Webmethods Business Process Management (BPM)- Call Activity

In this tutorial we will discuss how to use the call activity in your business process. We will cover the following points:

  1. Difference between ‘Call-Activity’, and ‘Sub-process’.
  2. Example using the ‘Call Activity’.


Note: This tutorial is valid for webMethods versions 8.X to 9.X. You need to be familiar with webMethods business process familiar. 

If you are not familiar with developing a business process with webMethods, please read the article on the following link:

webMethods Business Process Management (BPM) – Getting started

1. Difference between ‘Call-Activity’, and ‘Sub-process’.

Call Activity: it a step in a business process which invoke an existing ‘callable’ business process model. The business process which uses the call activity is called ‘Parent process’, and the called process is called ‘Child process’.

‘Sub-process’: is a block/group of steps in the business process, it is used to make reading the model easier, or repeat the sub-process in a loop.

So the difference is that the ‘Call activity’ can be used in more than one model to perform a specific functionality, but ‘Sub-process’ is used inside one business process, and it can’t be used in another model because it is simply a group of steps in a model.

2. Example using ‘Call Activity’

objective: develop a business process for a bank to issue a new credit card. The process will:

  • Validate if the customer already exists in the bank system or not.
  • If the customer doesn’t have an account, the process will call another business process ‘createCustomer’ to create the user profile.

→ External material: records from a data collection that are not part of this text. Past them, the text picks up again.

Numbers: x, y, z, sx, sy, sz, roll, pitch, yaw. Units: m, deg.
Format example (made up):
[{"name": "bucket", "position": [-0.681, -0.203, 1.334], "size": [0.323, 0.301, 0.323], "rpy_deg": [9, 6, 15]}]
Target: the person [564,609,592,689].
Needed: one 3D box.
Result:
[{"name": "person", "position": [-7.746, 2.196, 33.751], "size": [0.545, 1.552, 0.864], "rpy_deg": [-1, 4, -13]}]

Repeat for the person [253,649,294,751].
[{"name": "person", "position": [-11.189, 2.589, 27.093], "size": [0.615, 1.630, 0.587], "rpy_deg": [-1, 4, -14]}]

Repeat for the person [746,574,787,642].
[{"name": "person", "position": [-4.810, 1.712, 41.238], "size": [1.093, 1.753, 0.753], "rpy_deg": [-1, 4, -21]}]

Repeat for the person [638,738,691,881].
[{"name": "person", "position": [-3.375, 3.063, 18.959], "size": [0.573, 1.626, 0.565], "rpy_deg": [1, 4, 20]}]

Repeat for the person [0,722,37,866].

The ‘CreateCustomer’ process should be available for future use by another business process.
  • The business process will send the order to issue the credit card and send it to client.

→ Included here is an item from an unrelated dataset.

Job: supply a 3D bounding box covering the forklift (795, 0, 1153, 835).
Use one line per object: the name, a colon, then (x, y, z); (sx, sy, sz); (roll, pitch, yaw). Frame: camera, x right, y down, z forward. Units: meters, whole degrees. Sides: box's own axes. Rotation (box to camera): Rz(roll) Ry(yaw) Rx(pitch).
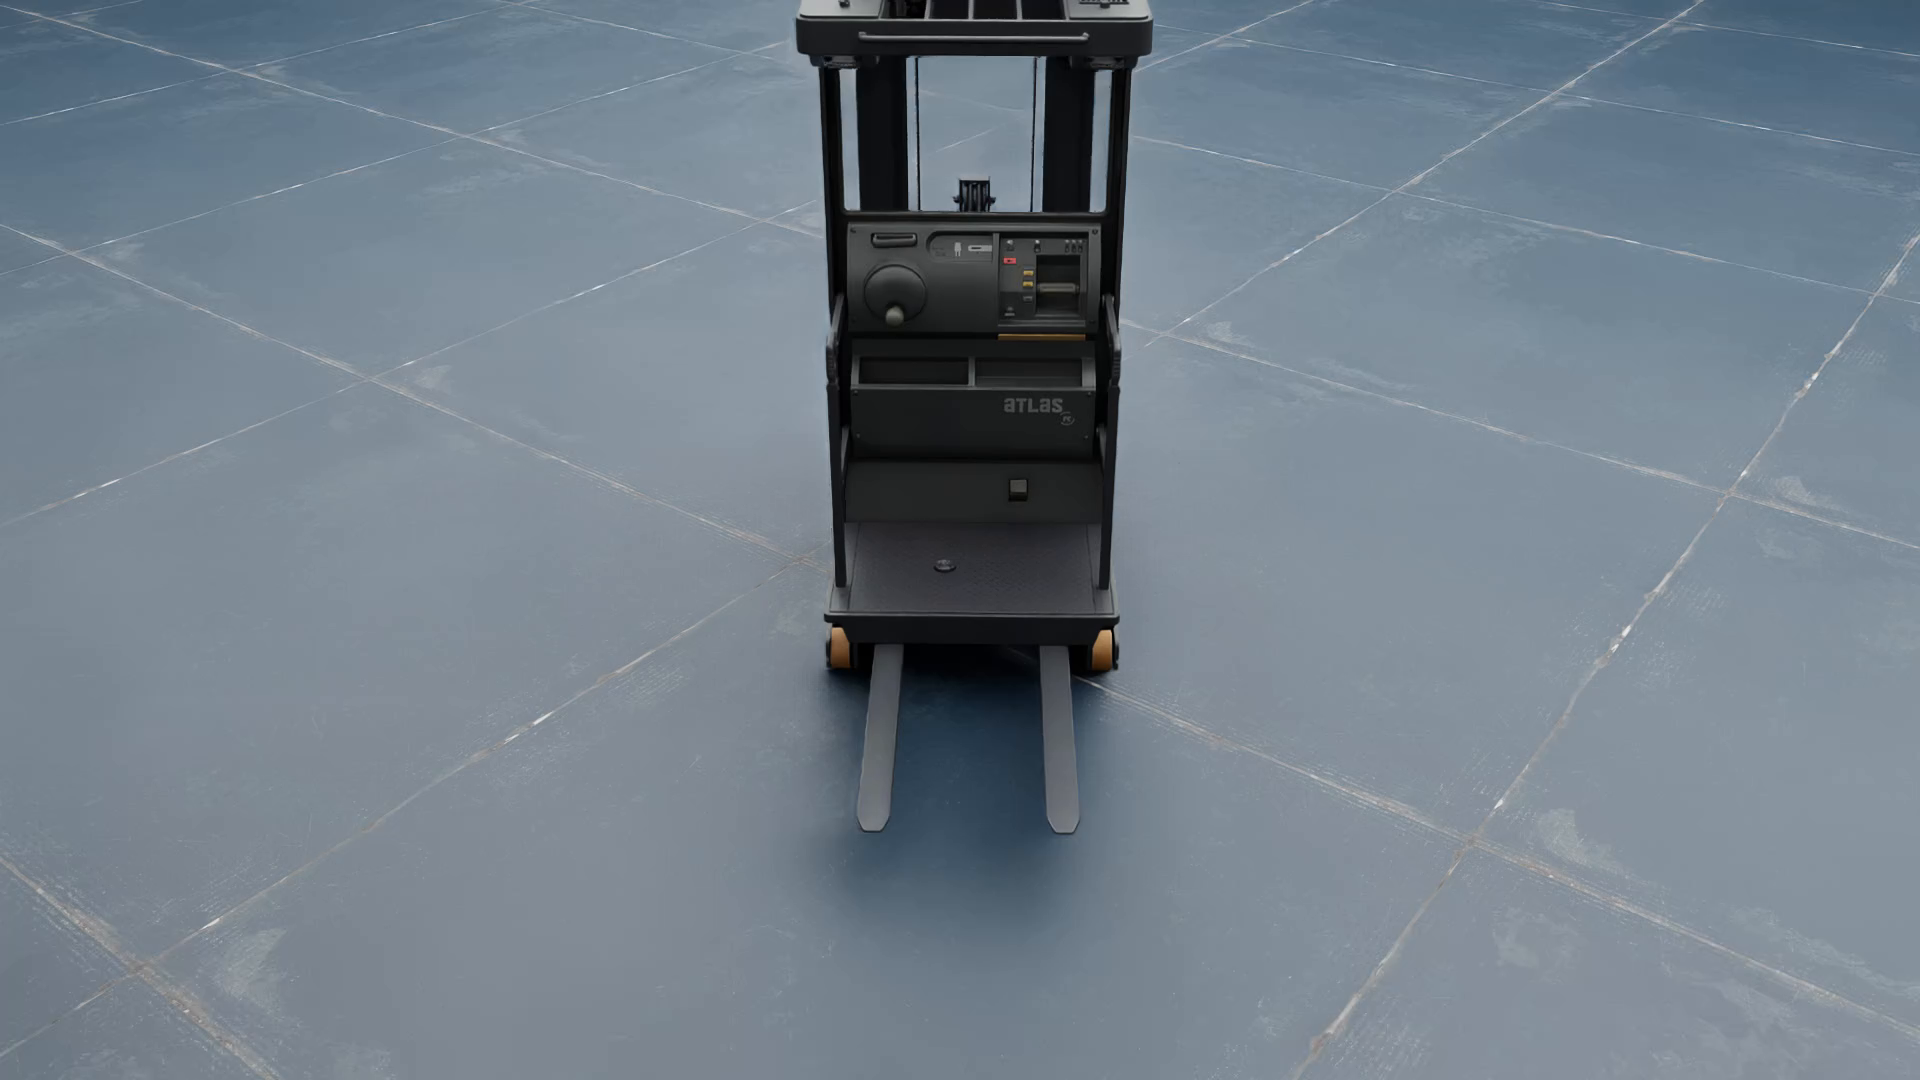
forklift: (0.049, -0.918, 5.923); (1.130, 2.935, 3.031); (0, 31, 1)

So we are going to develop two business models:

  1. Create Customer (callable business process/ child business process),
  2. Credit card request (the parent business process)

Note: We will discuss the details related to creating the callable business process, and using the call activity. We will not discuss the details of the regular steps as we already explained it in our earlier tutorials.

1. ‘CreateCustomer’ business process

This process should be callable business process and it should follow the specification of BPMN 2.0 (Business Process Model and Notation) as the use webMethods business process is deprecated (we will discuss the BPMN 2.0 specification in future tutorials).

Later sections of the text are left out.